### Work instruction
Produce a verbatim copy of the records, and keep the images out of it.

### Data listing
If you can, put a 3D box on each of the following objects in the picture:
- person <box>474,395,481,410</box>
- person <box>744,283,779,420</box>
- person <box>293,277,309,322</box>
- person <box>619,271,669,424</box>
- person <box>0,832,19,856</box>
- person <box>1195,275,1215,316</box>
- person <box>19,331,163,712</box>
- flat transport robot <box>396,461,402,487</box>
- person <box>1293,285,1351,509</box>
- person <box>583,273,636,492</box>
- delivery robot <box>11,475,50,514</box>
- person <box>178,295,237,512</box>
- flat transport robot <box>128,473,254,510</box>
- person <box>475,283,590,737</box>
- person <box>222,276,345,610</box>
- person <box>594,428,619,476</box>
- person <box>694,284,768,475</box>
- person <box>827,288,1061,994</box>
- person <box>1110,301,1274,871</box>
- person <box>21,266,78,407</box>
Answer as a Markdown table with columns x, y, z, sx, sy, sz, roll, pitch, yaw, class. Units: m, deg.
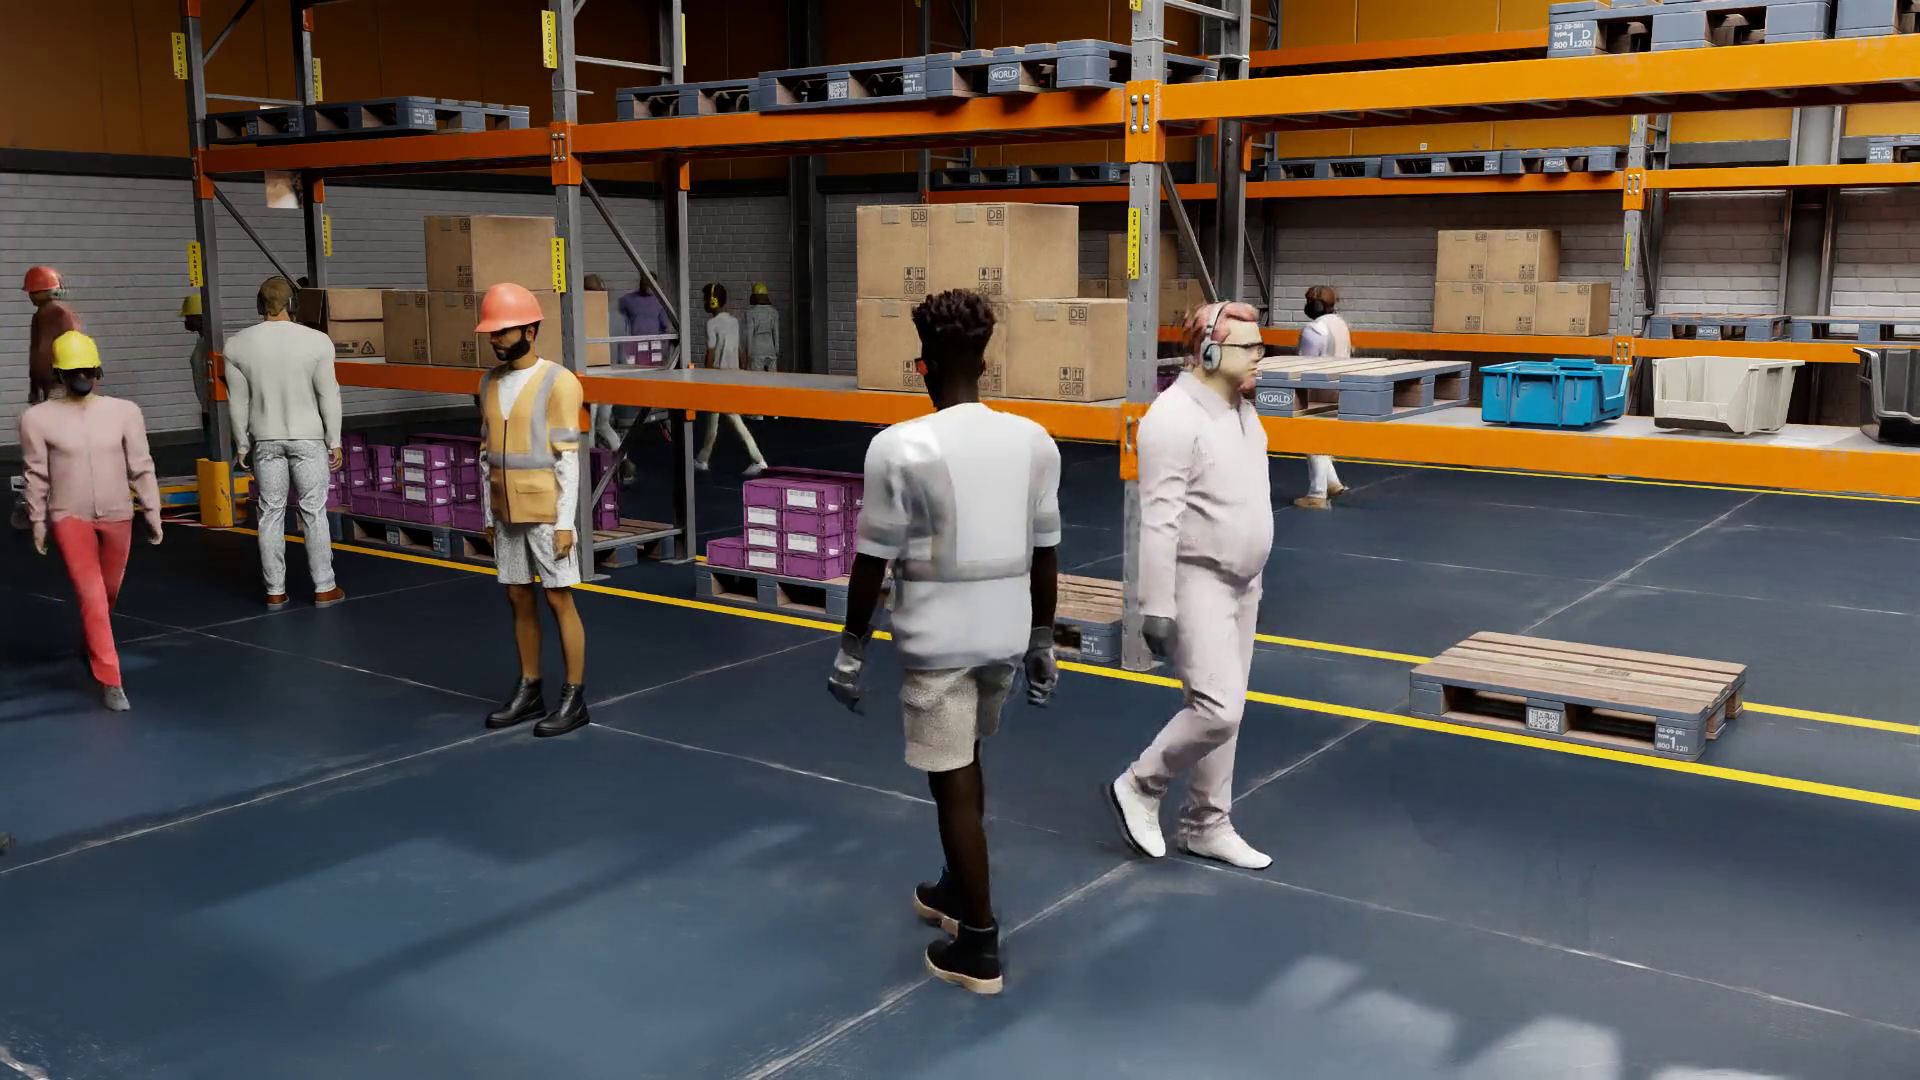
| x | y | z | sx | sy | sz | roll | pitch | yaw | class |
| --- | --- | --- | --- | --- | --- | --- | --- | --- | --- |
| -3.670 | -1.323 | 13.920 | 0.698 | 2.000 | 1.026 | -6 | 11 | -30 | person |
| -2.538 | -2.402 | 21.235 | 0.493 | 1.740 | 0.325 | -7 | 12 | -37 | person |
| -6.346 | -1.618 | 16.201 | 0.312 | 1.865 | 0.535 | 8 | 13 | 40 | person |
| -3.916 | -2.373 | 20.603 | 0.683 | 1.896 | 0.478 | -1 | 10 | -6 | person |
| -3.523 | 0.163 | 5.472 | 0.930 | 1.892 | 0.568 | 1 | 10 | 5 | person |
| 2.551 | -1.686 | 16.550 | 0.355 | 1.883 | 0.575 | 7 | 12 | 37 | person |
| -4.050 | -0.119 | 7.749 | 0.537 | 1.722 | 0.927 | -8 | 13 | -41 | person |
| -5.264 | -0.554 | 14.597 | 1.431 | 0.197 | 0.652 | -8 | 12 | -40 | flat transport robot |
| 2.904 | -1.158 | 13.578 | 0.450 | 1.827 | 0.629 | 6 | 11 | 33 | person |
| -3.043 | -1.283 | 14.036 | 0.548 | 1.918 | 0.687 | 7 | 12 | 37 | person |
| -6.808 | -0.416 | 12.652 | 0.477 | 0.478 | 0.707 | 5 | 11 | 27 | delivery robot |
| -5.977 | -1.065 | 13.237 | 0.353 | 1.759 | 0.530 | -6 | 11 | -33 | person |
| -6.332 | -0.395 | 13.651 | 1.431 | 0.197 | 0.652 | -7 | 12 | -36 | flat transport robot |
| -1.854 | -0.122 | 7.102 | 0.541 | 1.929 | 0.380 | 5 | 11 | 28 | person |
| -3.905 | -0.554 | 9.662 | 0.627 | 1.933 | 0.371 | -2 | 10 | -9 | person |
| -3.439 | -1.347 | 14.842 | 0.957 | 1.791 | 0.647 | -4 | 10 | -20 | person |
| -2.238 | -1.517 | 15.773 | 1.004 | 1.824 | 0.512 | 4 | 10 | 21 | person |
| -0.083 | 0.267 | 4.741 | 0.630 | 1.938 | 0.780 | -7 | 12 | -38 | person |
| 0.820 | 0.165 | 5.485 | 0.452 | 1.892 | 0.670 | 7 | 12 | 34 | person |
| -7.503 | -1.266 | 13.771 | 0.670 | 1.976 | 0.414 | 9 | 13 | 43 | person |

### Problem solution
If you can, put a 3D box on each of the following objects in the picture:
- person <box>474,395,481,410</box>
- person <box>744,283,779,420</box>
- person <box>293,277,309,322</box>
- person <box>619,271,669,424</box>
- person <box>0,832,19,856</box>
- person <box>1195,275,1215,316</box>
- person <box>19,331,163,712</box>
- flat transport robot <box>396,461,402,487</box>
- person <box>1293,285,1351,509</box>
- person <box>583,273,636,492</box>
- delivery robot <box>11,475,50,514</box>
- person <box>178,295,237,512</box>
- flat transport robot <box>128,473,254,510</box>
- person <box>475,283,590,737</box>
- person <box>222,276,345,610</box>
- person <box>594,428,619,476</box>
- person <box>694,284,768,475</box>
- person <box>827,288,1061,994</box>
- person <box>1110,301,1274,871</box>
- person <box>21,266,78,407</box>
Answer as a Markdown table with columns x, y, z, sx, sy, sz, roll, pitch, yaw, class. Units: m, deg.
| x | y | z | sx | sy | sz | roll | pitch | yaw | class |
| --- | --- | --- | --- | --- | --- | --- | --- | --- | --- |
| -3.670 | -1.323 | 13.920 | 0.698 | 2.000 | 1.026 | -6 | 11 | -30 | person |
| -2.538 | -2.402 | 21.235 | 0.493 | 1.740 | 0.325 | -7 | 12 | -37 | person |
| -6.346 | -1.618 | 16.201 | 0.312 | 1.865 | 0.535 | 8 | 13 | 40 | person |
| -3.916 | -2.373 | 20.603 | 0.683 | 1.896 | 0.478 | -1 | 10 | -6 | person |
| -3.523 | 0.163 | 5.472 | 0.930 | 1.892 | 0.568 | 1 | 10 | 5 | person |
| 2.551 | -1.686 | 16.550 | 0.355 | 1.883 | 0.575 | 7 | 12 | 37 | person |
| -4.050 | -0.119 | 7.749 | 0.537 | 1.722 | 0.927 | -8 | 13 | -41 | person |
| -5.264 | -0.554 | 14.597 | 1.431 | 0.197 | 0.652 | -8 | 12 | -40 | flat transport robot |
| 2.904 | -1.158 | 13.578 | 0.450 | 1.827 | 0.629 | 6 | 11 | 33 | person |
| -3.043 | -1.283 | 14.036 | 0.548 | 1.918 | 0.687 | 7 | 12 | 37 | person |
| -6.808 | -0.416 | 12.652 | 0.477 | 0.478 | 0.707 | 5 | 11 | 27 | delivery robot |
| -5.977 | -1.065 | 13.237 | 0.353 | 1.759 | 0.530 | -6 | 11 | -33 | person |
| -6.332 | -0.395 | 13.651 | 1.431 | 0.197 | 0.652 | -7 | 12 | -36 | flat transport robot |
| -1.854 | -0.122 | 7.102 | 0.541 | 1.929 | 0.380 | 5 | 11 | 28 | person |
| -3.905 | -0.554 | 9.662 | 0.627 | 1.933 | 0.371 | -2 | 10 | -9 | person |
| -3.439 | -1.347 | 14.842 | 0.957 | 1.791 | 0.647 | -4 | 10 | -20 | person |
| -2.238 | -1.517 | 15.773 | 1.004 | 1.824 | 0.512 | 4 | 10 | 21 | person |
| -0.083 | 0.267 | 4.741 | 0.630 | 1.938 | 0.780 | -7 | 12 | -38 | person |
| 0.820 | 0.165 | 5.485 | 0.452 | 1.892 | 0.670 | 7 | 12 | 34 | person |
| -7.503 | -1.266 | 13.771 | 0.670 | 1.976 | 0.414 | 9 | 13 | 43 | person |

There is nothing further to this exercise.